The optimizations I found are sound—that is, they don’t actually break anything—but they also look incredibly sleazy. With this post I’ll look a little bit at those optimizations and show how they work. It turns out they’re valuable in general and not just as one-off sneaky tricks.

Trick 1: Beyond Call Elimination

Some optimizations don’t depend on any of the context or instructions around them. These are called peephole optimizations—they are essentially a search-and-replace transform for sequences of logical but inefficient instructions that can be replaced with smaller, more efficient, and possibly more obscure instructions.

There’s not always more obscure, though. Here are two rules involving jumps and procedure calls that are extremely logical:

  • A jump instruction to the very next instruction may simply be deleted.
  • A procedure call instruction followed immediately by a procedure return instruction may be replaced with a simple jump instruction.

When we put these rules together, we get a less obviously logical rule:

  • When two procedures are defined back-to-back, and the last thing the first procedure does is call the second, both the call to the second routine and the first routine’s return instruction may be deleted.

This third rule follows immediately from applying the second rule and then the first rule, and it suggests that if we organize our program’s functions appropriately, we can save some space by allowing some function calls to “fall through” into other functions. It turns out that my initialize-board code can reasonably fall through into the draw-board-on-screen code. That looks fine now, but it will start looking weird later when I want to redraw the board after a player makes a move—it will sort of look like I’m calling into the middle of the initialize-and-draw-board subroutine.

It gets weirder when the first procedure calls the second procedure multiple times. I don’t have an example of this yet in Mandala, but a whole lot of my test code needs to print out 16-bit hex values. I do this with three routines; hexout_16 calls hexout_8 twice, and hexout_8 calls hexout_4 twice. In each case, the final call can be eliminated, and the resulting code is one where hexout_16 is doing procedure calls into the middle of itself:

hexout_16:
        push    hl
        ld      a, h
        call    hexout_8
        pop     hl
        ld      a, l
hexout_8:
        push    af
        rra
        rra
        rra
        rra
        call    hexout_4
        pop     af
hexout_4:
        and     15
        add     28
        rst     $10
        ret

If you actually step through it, this code is doing some extremely strange things with its stack, especially if it’s in a context where hexout_16 is the only function that’s ever actually externally called. But if you break it up mentally into three functions that fall into each other, the design clears up right away.

Trick 2: Doing Trick 1 Backwards

The main thing I realized from my review of Mandala so far was that I was doing a lot of duplicative or unnecessary work when printing out status or prompt strings. My only routine for printing anything out was a simple routine named print_at, which took a pointer to a two-byte screen location code followed by a string of characters.

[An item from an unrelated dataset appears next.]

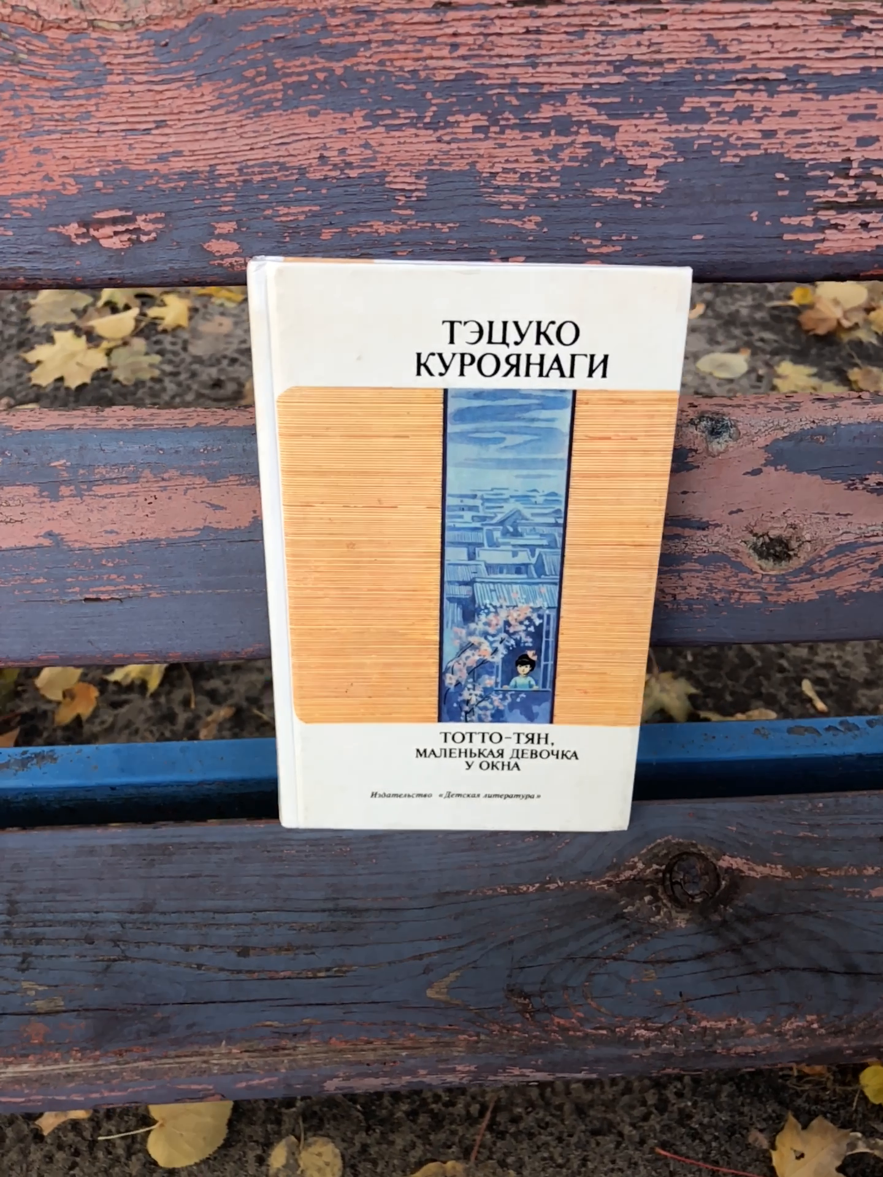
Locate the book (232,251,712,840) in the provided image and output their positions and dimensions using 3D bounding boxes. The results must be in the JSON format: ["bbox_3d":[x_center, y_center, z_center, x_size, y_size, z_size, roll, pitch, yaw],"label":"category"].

It would move the cursor to that location code, then print out characters until it reached a value of 255. (Normally one stops at a character code of 0, but the ZX81’s wacky non-standard character set uses character zero for space.) Making this call cost six bytes, and so I had several places where I would print out a bunch of unnecessary newlines or spaces to spare myself the call, and there were other places where I would call it multiple times in a row to write at various parts of the screen.

This is inconvenient. I’d be far better off generalizing the function so that if it saw, say, a 254, that would make it treat the next two bytes as a new location code. The routine started out looking something like this:

  1. Read two bytes from the string and move the cursor accordingly.
  2. Advance the string pointer two bytes to skip over the location code.
  3. Read a byte from the string.
  4. If the byte is 255, return from the function.
  5. If the byte is not 254, go to step 8.
  6. Advance the string pointer one byte to skip past the 254.
  7. Go to step 1.
  8. Print out the character read.
  9. Advance the string pointer one byte.
  10. Go to step 3.

There are a number of things we can do with this. The most obvious is to notice that if I ever need to print something out without relocating the cursor first, I can set a label print in the middle of the function, letting me effectively say “start at step 3.” This produces a result identical to what would happen if print_at moved the cursor and then called print… as long as we don’t look too closely at the loopback in step 7.

The second thing we can do is notice that there’s no reason we ever have to start at the first step stated. Instead of jumping around with 254 case, we can change step 5 to “If the byte is 254, go to step 0“, remove step 6 entirely, and move step 5 to before step 1.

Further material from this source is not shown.